• _DIRECTIONS_
All pictures are to be excluded when the data below is output verbatim.

• _DATA TO EXAMINE_
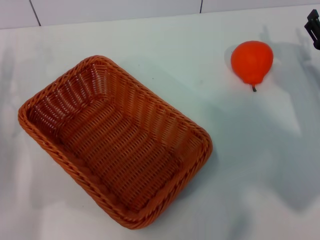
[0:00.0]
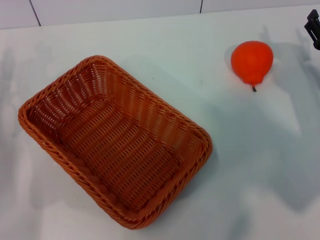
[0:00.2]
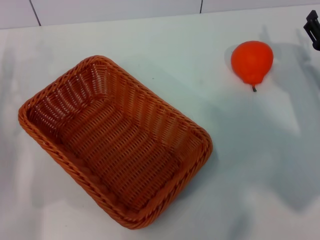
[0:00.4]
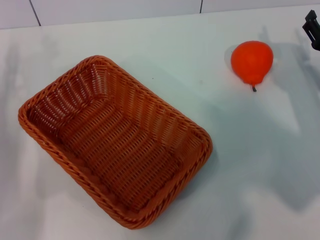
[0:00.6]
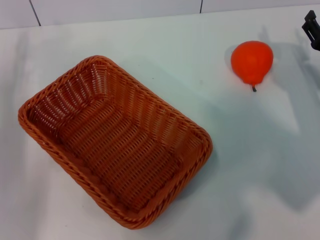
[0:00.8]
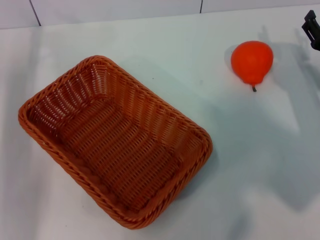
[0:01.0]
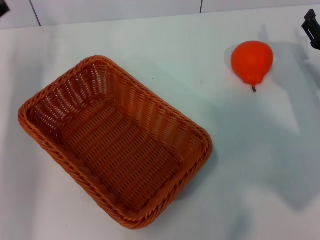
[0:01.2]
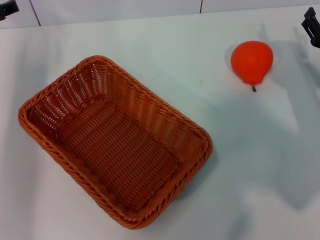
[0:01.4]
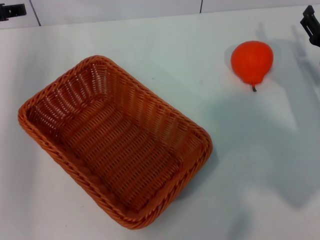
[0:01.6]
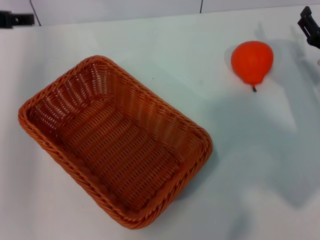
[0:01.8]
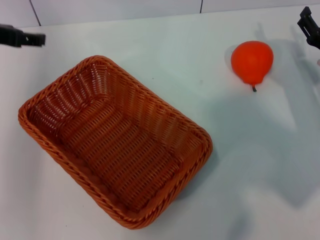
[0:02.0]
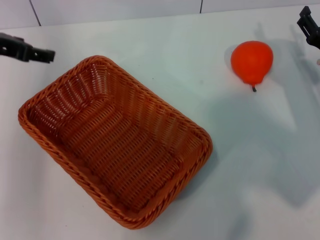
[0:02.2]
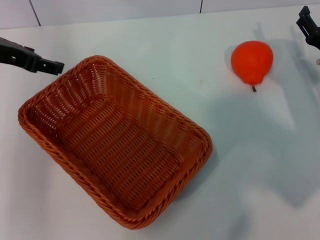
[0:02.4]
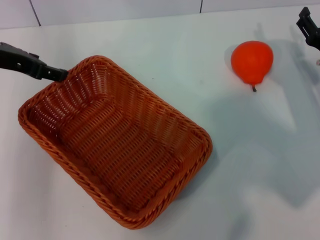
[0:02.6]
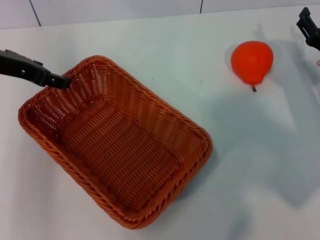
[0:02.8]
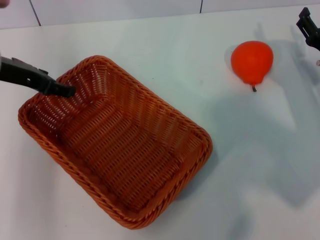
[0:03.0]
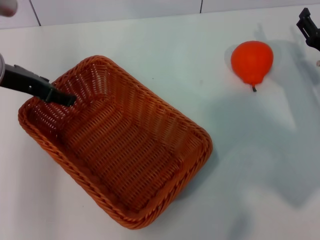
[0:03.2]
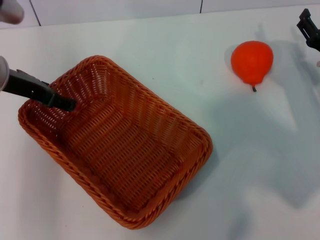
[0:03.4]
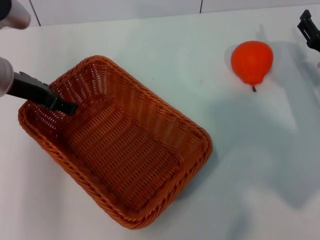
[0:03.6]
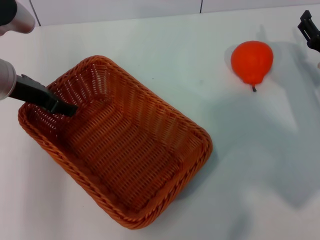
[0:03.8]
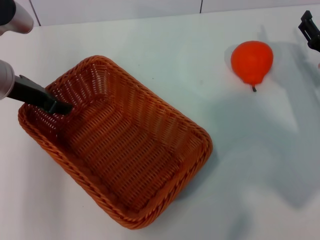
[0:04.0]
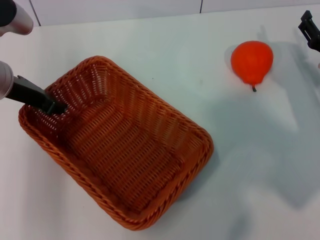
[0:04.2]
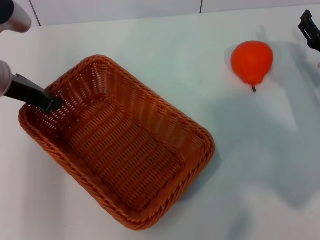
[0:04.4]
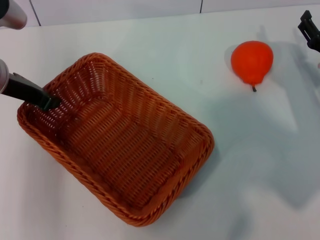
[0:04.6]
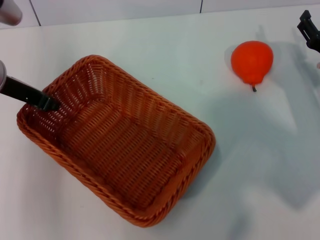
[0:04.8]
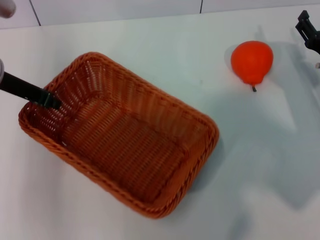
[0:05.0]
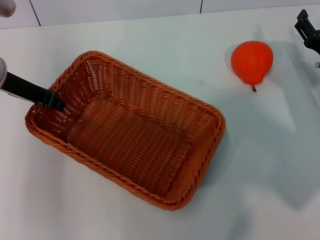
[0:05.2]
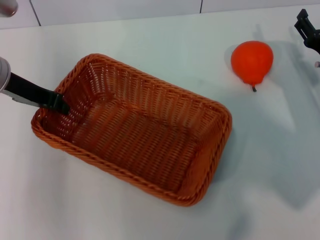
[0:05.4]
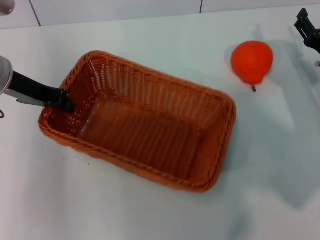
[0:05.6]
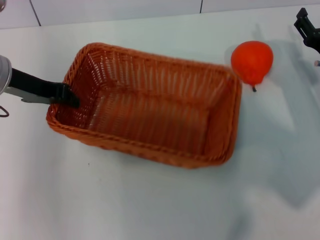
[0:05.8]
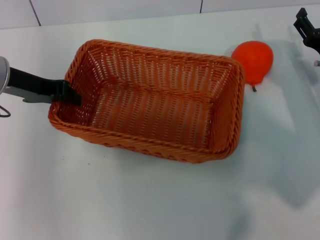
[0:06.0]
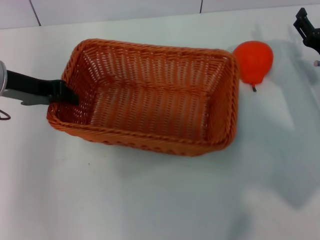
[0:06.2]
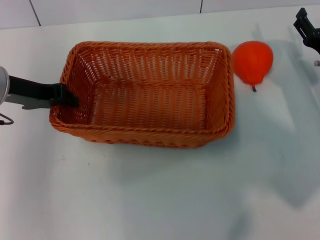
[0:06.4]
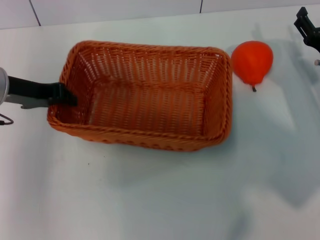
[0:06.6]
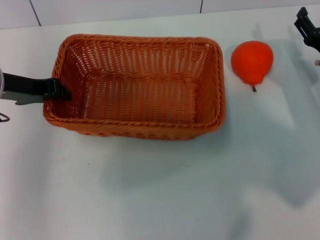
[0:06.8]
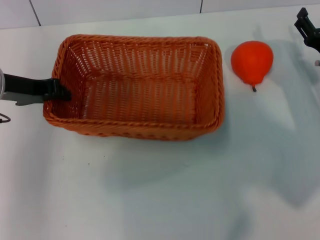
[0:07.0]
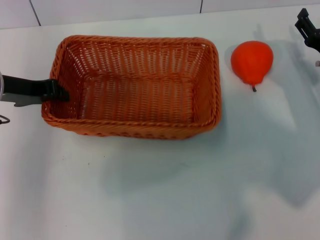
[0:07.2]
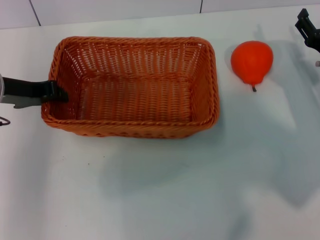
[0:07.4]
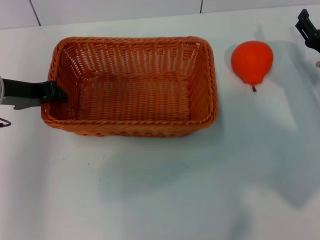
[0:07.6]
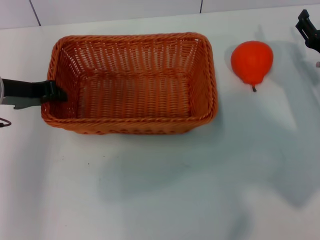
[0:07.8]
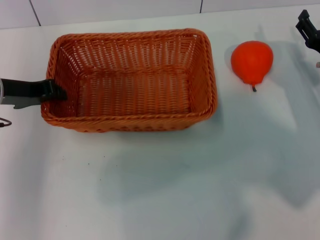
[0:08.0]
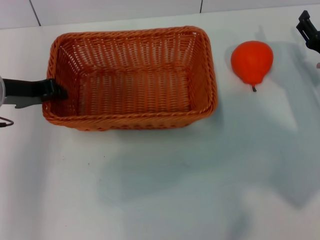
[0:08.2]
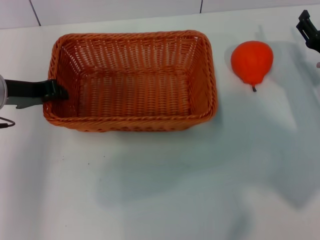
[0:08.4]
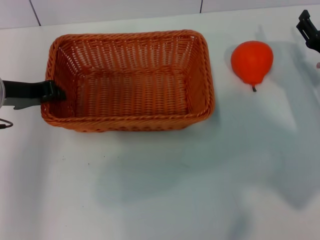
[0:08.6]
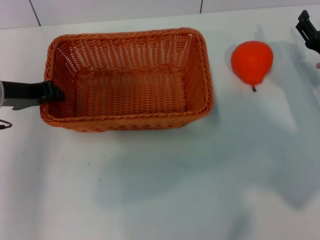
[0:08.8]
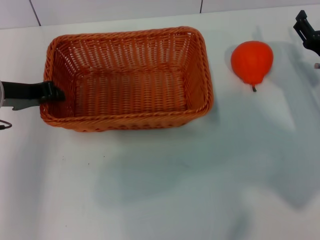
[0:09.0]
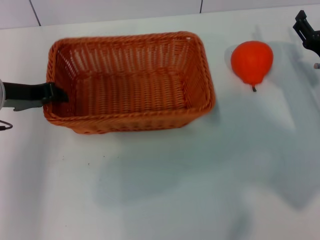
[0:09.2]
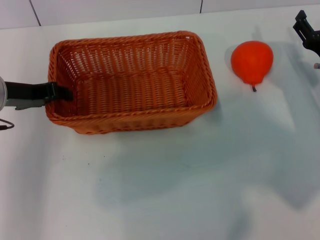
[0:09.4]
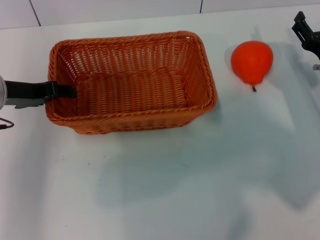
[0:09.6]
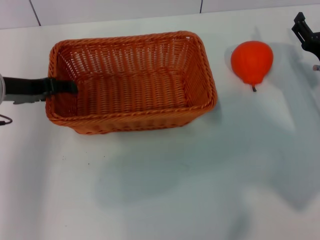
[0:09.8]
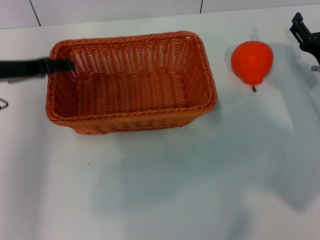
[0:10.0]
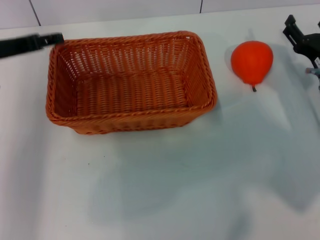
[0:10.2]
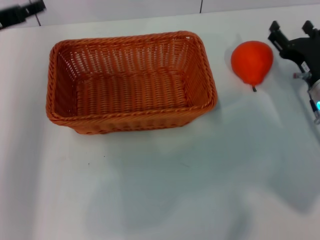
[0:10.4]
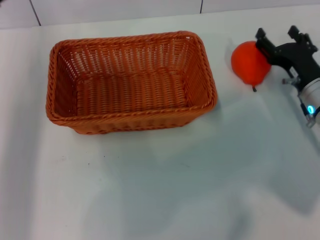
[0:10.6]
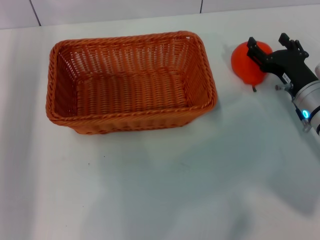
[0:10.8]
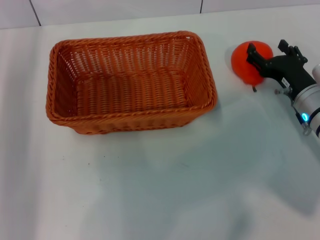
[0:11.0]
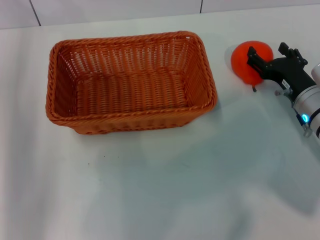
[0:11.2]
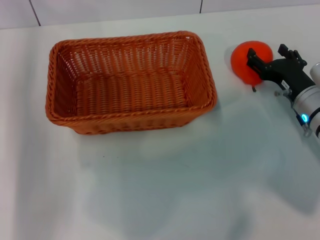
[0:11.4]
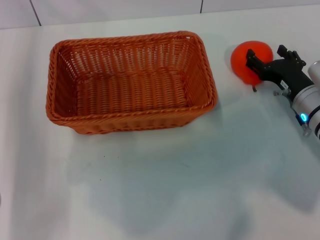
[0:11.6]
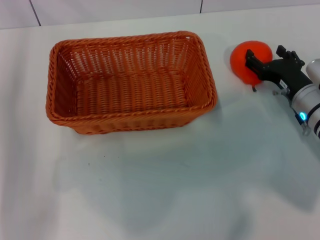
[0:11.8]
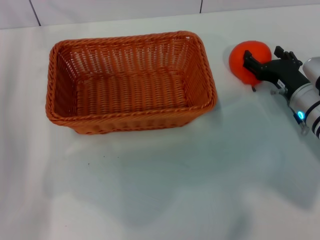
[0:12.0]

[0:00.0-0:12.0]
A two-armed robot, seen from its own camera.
Task of the whole recording: the left gripper pick up the yellow basket and place it horizontally in the middle of the table, the right gripper pick up the orange and place it into the yellow basket.
Step, 0:00.0 to 0:05.6: Pick up the light basket with the left gripper.
Step, 0:05.8 to 0:10.0: Place the light basket in the center of view with the left gripper.
0:00.0 to 0:01.6: The left gripper is displaced upward and forward by about 15 cm.
0:01.6 to 0:03.0: The left gripper heads to the right, covering about 5 cm.
0:03.0 to 0:04.4: The left gripper closes its fingers.
0:04.4 to 0:06.0: The left gripper closes its fingers.
0:06.0 to 0:07.6: There are only small adjustments of the grippers.
0:07.6 to 0:09.0: Both grippers stay put.
0:09.0 to 0:10.4: The left gripper opens.
0:10.4 to 0:12.0: The left gripper travels downward by some 10 cm.

• _SOLUTION TO THIS EXERCISE_
[0:00.0]
[0:00.2]
[0:00.4]
[0:00.6]
[0:00.8]
[0:01.0]
[0:01.2]
[0:01.4]
[0:01.6]
[0:01.8]
[0:02.0]
[0:02.2]
[0:02.4]
[0:02.6]
[0:02.8]
[0:03.0]
[0:03.2]
[0:03.4]
[0:03.6]
[0:03.8]
[0:04.0]
[0:04.2]
[0:04.4]
[0:04.6]
[0:04.8]
[0:05.0]
[0:05.2]
[0:05.4]
[0:05.6]
[0:05.8]
[0:06.0]
[0:06.2]
[0:06.4]
[0:06.6]
[0:06.8]
[0:07.0]
[0:07.2]
[0:07.4]
[0:07.6]
[0:07.8]
[0:08.0]
[0:08.2]
[0:08.4]
[0:08.6]
[0:08.8]
[0:09.0]
[0:09.2]
[0:09.4]
[0:09.6]
[0:09.8]
[0:10.0]
[0:10.2]
[0:10.4]
[0:10.6]
[0:10.8]
[0:11.0]
[0:11.2]
[0:11.4]
[0:11.6]
[0:11.8]
[0:12.0]

[0:00.0-0:12.0]
A two-armed robot, seen from its own camera.
Task of the whole recording: the left gripper pick up the yellow basket and place it horizontally in the middle of the table, the right gripper pick up the orange and place it into the yellow basket.
Step, 0:00.0 to 0:05.6: Pick up the light basket with the left gripper.
Step, 0:05.8 to 0:10.0: Place the light basket in the center of view with the left gripper.
0:00.0 to 0:01.6: The left gripper is displaced upward and forward by about 15 cm.
0:01.6 to 0:03.0: The left gripper heads to the right, covering about 5 cm.
0:03.0 to 0:04.4: The left gripper closes its fingers.
0:04.4 to 0:06.0: The left gripper closes its fingers.
0:06.0 to 0:07.6: There are only small adjustments of the grippers.
0:07.6 to 0:09.0: Both grippers stay put.
0:09.0 to 0:10.4: The left gripper opens.
0:10.4 to 0:12.0: The left gripper travels downward by some 10 cm.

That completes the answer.